As the colonists hunted for food and cautiously began exploring the forest, they discovered a crude network of paths made long before by Indians and wild animals. The colonists used these, and many of the paths were to shape the Virginia road pattern for years to come.
The settlers also found roughly built bridges made of tree trunks and limbs, which they at first believed to be Indian-planted traps rather than bridges. By 1610, with new arrivals from England, the colony numbered 210. The road along the River Bank, probably a former Indian path, was used to haul supplies from the ships to the Jamestown Fort.
The Greate Road appears to have been Jamestown’s main street, and it was of early commercial importance. It crossed the isthmus connecting the island with the mainland at Glass House Point, where in 1608 glass was manufactured for export. Faint traces of the road are evident today at Glass House Point.

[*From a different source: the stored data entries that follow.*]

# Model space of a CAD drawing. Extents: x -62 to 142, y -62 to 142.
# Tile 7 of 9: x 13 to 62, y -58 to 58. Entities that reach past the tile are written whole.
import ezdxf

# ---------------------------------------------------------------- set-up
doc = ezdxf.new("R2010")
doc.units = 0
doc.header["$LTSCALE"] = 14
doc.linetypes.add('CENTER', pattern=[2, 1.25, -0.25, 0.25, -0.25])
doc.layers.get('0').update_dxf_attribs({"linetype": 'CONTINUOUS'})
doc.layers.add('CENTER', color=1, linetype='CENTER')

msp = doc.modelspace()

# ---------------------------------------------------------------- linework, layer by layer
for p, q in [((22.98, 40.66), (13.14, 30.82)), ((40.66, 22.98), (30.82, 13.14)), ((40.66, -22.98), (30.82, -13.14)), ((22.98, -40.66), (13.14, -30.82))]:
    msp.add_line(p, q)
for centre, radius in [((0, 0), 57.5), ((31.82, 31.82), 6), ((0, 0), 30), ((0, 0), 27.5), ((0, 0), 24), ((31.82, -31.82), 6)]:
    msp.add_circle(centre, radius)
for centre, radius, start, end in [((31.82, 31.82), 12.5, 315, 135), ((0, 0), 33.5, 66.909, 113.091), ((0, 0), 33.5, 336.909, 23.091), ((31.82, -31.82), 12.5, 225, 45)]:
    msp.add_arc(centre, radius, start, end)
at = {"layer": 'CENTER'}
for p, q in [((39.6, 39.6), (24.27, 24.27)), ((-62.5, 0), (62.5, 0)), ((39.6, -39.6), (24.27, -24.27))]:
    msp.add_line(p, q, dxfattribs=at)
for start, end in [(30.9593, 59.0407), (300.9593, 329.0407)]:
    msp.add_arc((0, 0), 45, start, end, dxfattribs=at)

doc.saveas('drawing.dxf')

Eventually, the Greate Road extended on the mainland to Middle Plantation, a settlement to become known as Williamsburg and destined to be the capital of the Virginia colony and the hub of the colonial road system.
The first bridge recorded as having been built by the English settlers was constructed in 1611 at Jamestown Island. It wasn’t really a bridge, but a wharf about 200 feet long from the bank of the James to the river channel, where the settlers docked their ships. The colony’s first agricultural crops raised for export were rolled to these ships.
John Rolfe had begun experimenting with the cultivation of tobacco in 1612 and two years later exported a shipment to England. In less than 20 years, tobacco exports had reached 500,000 pounds annually; tobacco would remain the foundation for the Virginia economy throughout the colonial period. Inevitably, the success of the tobacco crop was to influence the colony’s transportation needs as well.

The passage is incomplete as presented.